Fatto sta che Paolo, tre o quattro volte la settimana, partiva dall’Olgiata dove abitava, andava a prendere Patrizia a Cinecittà e la portava a Guidonia. Puntualissimo, sempre per le 10 e mezza. Aspettava sotto casa per una o due ore, fino a che non mi ero divertito per bene con lei, poi la riportava a casa e rincasava pure lui. Nelle giornate tranquille, senza traffico, con circa quattro ore poteva fare tutto, nei giorni di punta… anche sei ore!

Su suggerimento di Osvaldo, decidemmo di aiutare il povero Paolo con il “ciproterone”, che Patrizia gli somministrava regolarmente a sua insaputa; la sostanza lo tranquillizzava e lo rendeva docile ed ubbidiente senza farlo soffrire.

Osvaldo per i primi tempi osservò solo questo via vai per casa, ma col tempo mi fece capire che era il caso che anche lui usufruisse di Patrizia. I primi tempi riuscii a svicolare, poi un giorno, quando lei salì ci sedemmo tutti e tre in salotto a parlare.

Osvaldo era il classico macho romano, tatuato, orecchino, viso scavato e perennemente abbronzato. Fisico magrissimo e muscoloso, non altissimo ma molto prestante. Vestiva sportivo, con abiti molto costosi e di marca. Insomma, poteva avere il suo fascino, anche su una ragazza giovane come Patrizia.

“Sei bella, Patrì…” le disse mentre le metteva una mano sulla spalla. Lei mi guardò, in cerca di una rassicurazione. “E’ un amico, come fosse mio fratello… è così solo…” dissi.
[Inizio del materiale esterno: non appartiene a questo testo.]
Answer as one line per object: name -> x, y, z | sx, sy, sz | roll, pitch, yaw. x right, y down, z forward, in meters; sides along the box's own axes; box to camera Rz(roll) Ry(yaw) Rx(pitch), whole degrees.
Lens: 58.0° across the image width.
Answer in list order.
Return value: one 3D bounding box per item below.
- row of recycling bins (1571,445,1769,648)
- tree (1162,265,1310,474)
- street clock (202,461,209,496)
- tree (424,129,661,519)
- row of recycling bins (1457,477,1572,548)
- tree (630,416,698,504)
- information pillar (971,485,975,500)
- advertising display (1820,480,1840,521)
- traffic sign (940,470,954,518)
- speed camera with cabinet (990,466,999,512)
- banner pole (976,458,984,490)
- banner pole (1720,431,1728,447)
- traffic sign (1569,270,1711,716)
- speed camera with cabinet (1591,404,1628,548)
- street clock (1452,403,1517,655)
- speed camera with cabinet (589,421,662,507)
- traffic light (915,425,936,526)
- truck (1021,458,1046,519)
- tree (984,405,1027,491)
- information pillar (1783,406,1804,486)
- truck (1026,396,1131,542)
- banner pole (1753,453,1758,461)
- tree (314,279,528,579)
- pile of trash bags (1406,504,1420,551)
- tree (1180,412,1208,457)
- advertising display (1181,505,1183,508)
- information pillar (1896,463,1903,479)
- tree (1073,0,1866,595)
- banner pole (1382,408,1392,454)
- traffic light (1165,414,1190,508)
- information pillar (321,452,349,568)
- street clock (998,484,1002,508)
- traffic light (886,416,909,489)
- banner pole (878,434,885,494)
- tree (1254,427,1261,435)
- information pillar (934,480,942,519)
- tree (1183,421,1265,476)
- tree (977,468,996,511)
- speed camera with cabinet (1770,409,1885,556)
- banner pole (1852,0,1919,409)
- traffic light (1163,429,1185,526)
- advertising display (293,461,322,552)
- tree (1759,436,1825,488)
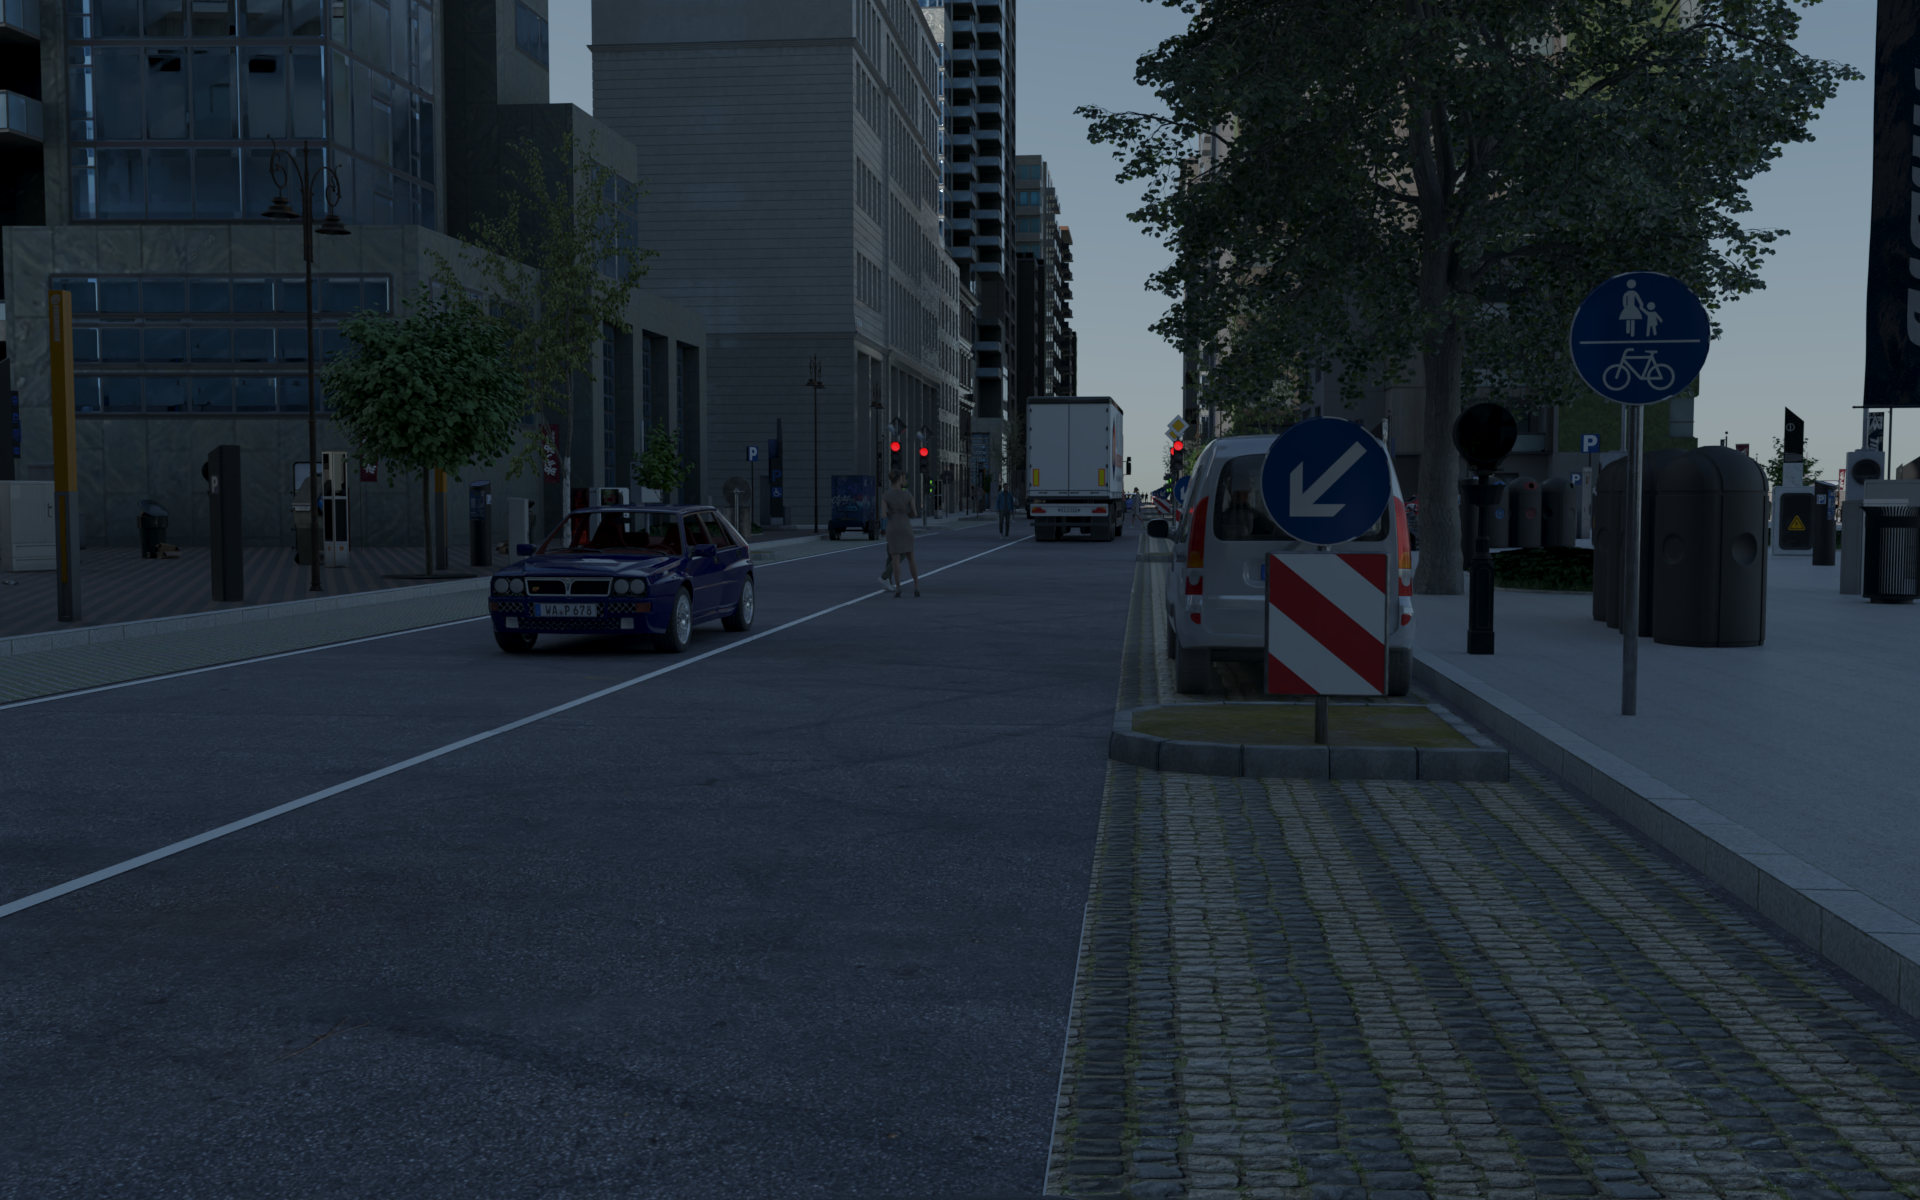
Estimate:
row of recycling bins -> 6.588, -0.550, 16.104 | 1.069, 1.692, 3.534 | 1, 4, 10
tree -> 9.239, -6.400, 54.995 | 4.737, 8.622, 4.395 | 0, 3, 0
street clock -> -15.990, -1.996, 37.203 | 0.471, 2.002, 0.358 | 0, 4, 1
tree -> -8.098, -5.144, 34.466 | 4.737, 8.622, 4.395 | 0, 3, 0
row of recycling bins -> 13.027, -2.090, 41.279 | 3.534, 1.692, 1.069 | -1, 4, -17
tree -> -7.252, -2.941, 42.684 | 1.663, 3.219, 1.824 | 0, 3, 0
information pillar -> 1.051, -8.540, 144.126 | 0.304, 2.012, 0.304 | 0, 4, -3
advertising display -> 40.628, -4.639, 81.062 | 0.974, 1.923, 0.123 | 3, 5, 45
traffic sign -> -0.714, -5.678, 92.939 | 0.768, 2.556, 0.104 | 1, 4, 15
speed camera with cabinet -> 2.445, -7.922, 123.867 | 0.660, 3.252, 2.038 | 0, 4, 2
banner pole -> 1.309, -7.896, 119.119 | 0.863, 3.779, 0.401 | 3, 5, 40
banner pole -> 30.498, -4.844, 69.218 | 0.401, 3.779, 0.863 | 0, 4, 3
traffic sign -> 3.886, -0.604, 9.984 | 0.768, 2.556, 0.104 | 1, 4, 11
speed camera with cabinet -> 14.202, -2.660, 37.819 | 0.660, 3.252, 2.038 | 1, 4, 16
street clock -> 4.183, -0.568, 13.857 | 0.471, 2.002, 0.358 | 0, 4, 8
speed camera with cabinet -> -8.940, -3.172, 46.193 | 2.038, 3.252, 0.660 | -3, 5, -45
traffic light -> -1.410, -4.975, 70.261 | 0.839, 4.253, 0.868 | 0, 4, 6
truck -> 5.329, -6.948, 102.508 | 2.839, 4.237, 11.283 | 0, 4, 6
tree -> 3.984, -11.795, 143.212 | 4.360, 8.622, 3.978 | 0, 3, 0
information pillar -> 22.182, -3.352, 46.161 | 0.504, 3.616, 0.183 | 1, 4, 18
truck -> 3.875, -4.059, 55.277 | 2.839, 4.237, 11.283 | 0, 4, 8
banner pole -> 48.694, -7.116, 106.366 | 0.863, 3.779, 0.401 | -1, 4, -13
tree -> -8.214, -2.629, 26.691 | 4.285, 4.588, 4.351 | 0, 3, 0
pile of trash bags -> 8.889, -1.793, 39.075 | 3.447, 1.369, 1.912 | -2, 4, -27
tree -> 20.985, -12.455, 153.999 | 4.360, 8.622, 3.978 | 0, 3, 0
advertising display -> 17.891, -8.221, 139.632 | 0.123, 1.923, 0.974 | 0, 4, -2
information pillar -> 70.988, -8.537, 130.931 | 0.504, 3.616, 0.183 | 0, 4, -2
tree -> 6.275, -7.048, 21.898 | 9.857, 13.997, 8.962 | 0, 3, 0
banner pole -> 12.432, -3.700, 50.515 | 0.401, 3.779, 0.863 | 2, 4, 32
traffic light -> 7.690, -4.425, 61.269 | 0.839, 4.253, 0.868 | 0, 4, 6
information pillar -> -10.870, -1.569, 30.147 | 0.304, 2.012, 0.304 | 2, 4, 34
street clock -> 3.005, -8.316, 140.535 | 0.358, 2.002, 0.471 | -3, 4, -36
traffic light -> -2.265, -4.489, 62.321 | 0.839, 4.253, 0.868 | 0, 4, 6
banner pole -> -3.297, -5.055, 72.666 | 0.401, 3.779, 0.863 | -2, 4, -24
tree -> 8.578, -3.394, 50.099 | 1.663, 3.219, 1.824 | 0, 3, 0
information pillar -> -1.125, -5.193, 89.392 | 0.304, 2.012, 0.304 | -3, 5, -41
tree -> 12.284, -5.680, 76.583 | 4.285, 4.588, 4.351 | 0, 3, 0
tree -> 2.003, -8.280, 129.983 | 1.663, 3.219, 1.824 | 0, 3, 0
speed camera with cabinet -> 17.908, -2.533, 35.755 | 2.038, 3.252, 0.660 | 1, 4, 22
banner pole -> 3.613, -0.983, 6.092 | 0.863, 3.779, 0.401 | 1, 4, 11
traffic light -> 8.545, -4.911, 69.208 | 0.839, 4.253, 0.868 | 0, 4, 6
advertising display -> -12.659, -1.777, 34.262 | 0.974, 1.923, 0.123 | -1, 4, -10
tree -> 23.810, -3.372, 49.732 | 1.663, 3.219, 1.824 | 0, 3, 0
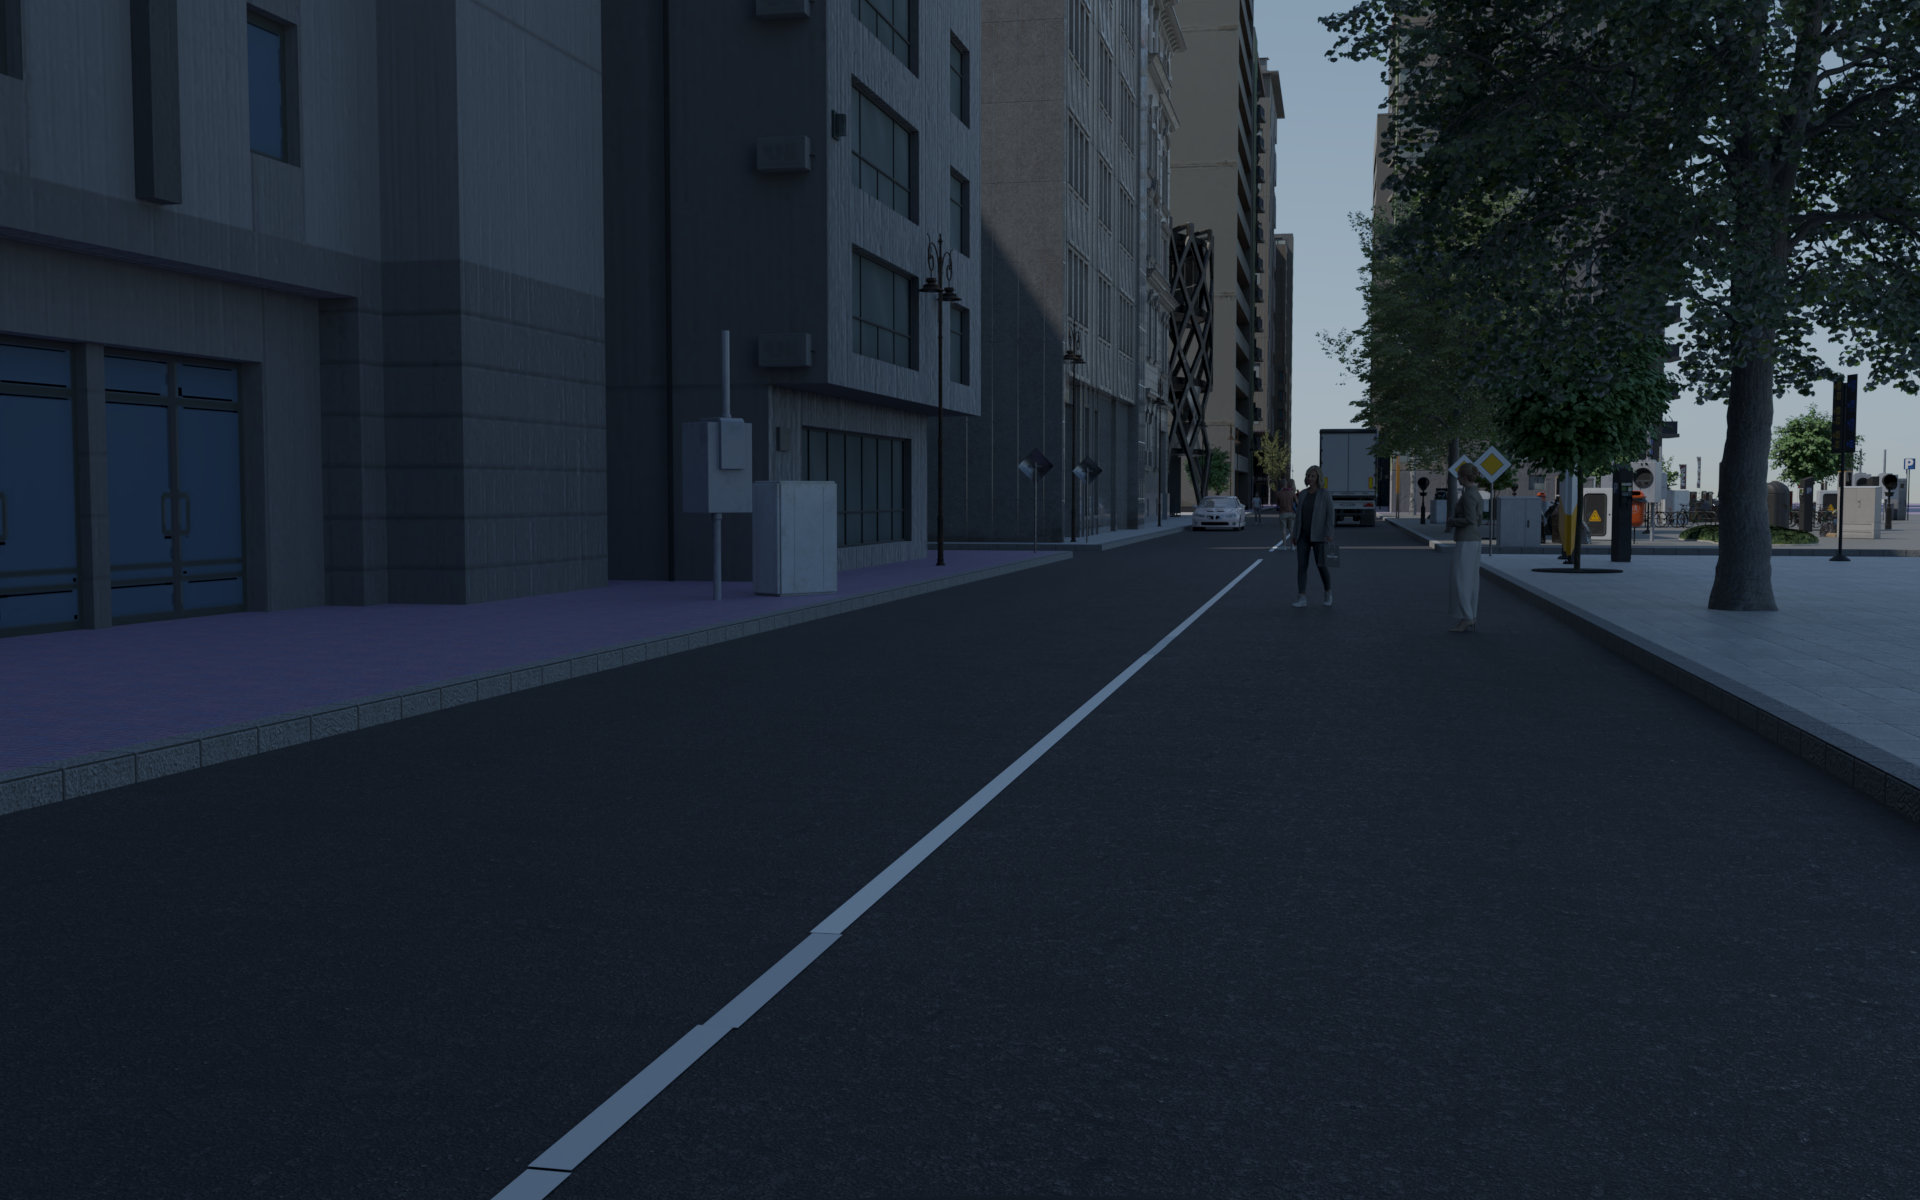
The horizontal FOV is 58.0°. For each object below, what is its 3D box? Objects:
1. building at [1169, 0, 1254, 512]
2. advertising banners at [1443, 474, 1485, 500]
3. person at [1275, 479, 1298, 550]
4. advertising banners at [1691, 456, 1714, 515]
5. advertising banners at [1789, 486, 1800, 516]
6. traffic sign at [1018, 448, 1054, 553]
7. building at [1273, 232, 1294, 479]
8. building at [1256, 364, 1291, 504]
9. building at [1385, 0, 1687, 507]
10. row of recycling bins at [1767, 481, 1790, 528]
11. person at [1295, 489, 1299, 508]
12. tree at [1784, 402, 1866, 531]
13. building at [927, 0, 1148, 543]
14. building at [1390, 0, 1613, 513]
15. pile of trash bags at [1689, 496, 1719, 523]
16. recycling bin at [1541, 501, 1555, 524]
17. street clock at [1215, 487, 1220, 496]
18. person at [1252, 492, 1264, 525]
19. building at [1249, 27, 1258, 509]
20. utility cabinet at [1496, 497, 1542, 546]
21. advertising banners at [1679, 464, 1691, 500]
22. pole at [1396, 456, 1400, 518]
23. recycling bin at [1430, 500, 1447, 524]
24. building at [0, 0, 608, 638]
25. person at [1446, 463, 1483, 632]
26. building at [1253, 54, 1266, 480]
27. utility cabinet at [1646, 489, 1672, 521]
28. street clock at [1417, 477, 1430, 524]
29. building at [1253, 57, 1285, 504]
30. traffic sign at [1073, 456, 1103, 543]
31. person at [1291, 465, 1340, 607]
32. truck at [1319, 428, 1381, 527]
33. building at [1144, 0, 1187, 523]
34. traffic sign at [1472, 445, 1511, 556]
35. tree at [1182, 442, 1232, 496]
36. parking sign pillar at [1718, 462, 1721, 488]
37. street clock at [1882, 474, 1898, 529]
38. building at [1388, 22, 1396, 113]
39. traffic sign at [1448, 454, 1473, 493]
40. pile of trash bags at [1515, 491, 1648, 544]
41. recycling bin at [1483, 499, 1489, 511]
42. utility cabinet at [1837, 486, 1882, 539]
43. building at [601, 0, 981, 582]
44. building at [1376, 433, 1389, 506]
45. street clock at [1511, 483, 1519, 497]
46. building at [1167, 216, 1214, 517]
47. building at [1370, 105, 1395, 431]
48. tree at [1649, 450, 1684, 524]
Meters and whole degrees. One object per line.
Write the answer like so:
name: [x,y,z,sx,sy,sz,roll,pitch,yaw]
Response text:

Osvaldo fece scendere la sua mano sul seno di Patrizia. Lei era paonazza, come paralizzata, ma visibilmente compiaciuta di quelle attenzioni. Io soffrivo, una gelosia selvaggia mi stringeva lo stomaco; ero impotente, non potevo ribellarmi, non potevo aiutarla.
Quando lui liberò il cazzo dai pantaloni e le mise una mano dietro la nuca con l’intenzione di farselo succhiare, lei mi guardò con gli occhi di un agnello sacrificale, “lo faccio per te”, sembrava volesse dirmi. La spingeva con forza sul suo cazzo, duro e venoso, troppo grosso per entrarle tutto in bocca. Lei tossiva, ma continuava, sottomessa, senza fiatare. D’un tratto si alzò, si tolse le mutandine e salì a cavalcioni di Osvaldo. Ci volle un attimo. Lui era con la testa reclinata indietro, con gli occhi chiusi, a godere tranquillo dentro di lei, mentre Patrizia si muoveva lentamente sul suo pene a ritmo dei suoi schizzi di sperma.
Non ne potevo più, il mio cazzo stava esplodendo. Appena si alzò da sopra Osvaldo, la presi per i capelli e la scopai a pecora, da dietro. Ed in un attimo esplosi dentro la sua fica appiccicosa…

Da quel giorno cominciammo ogni volta a scoparla in due, senza alcuna protezione, nessuna barriera. Paolo, con la cura, stava diventando sempre più grasso e tranquillo e particolarmente collaborativo. Ora non aspettava più giù. Saliva e ci serviva nei modi più disparati che ogni volta ci inventavamo. Era circa un anno che non aveva più rapporti sessuali con lei quando lo informammo che Patrizia era incinta e lui avrebbe dovuto riparare.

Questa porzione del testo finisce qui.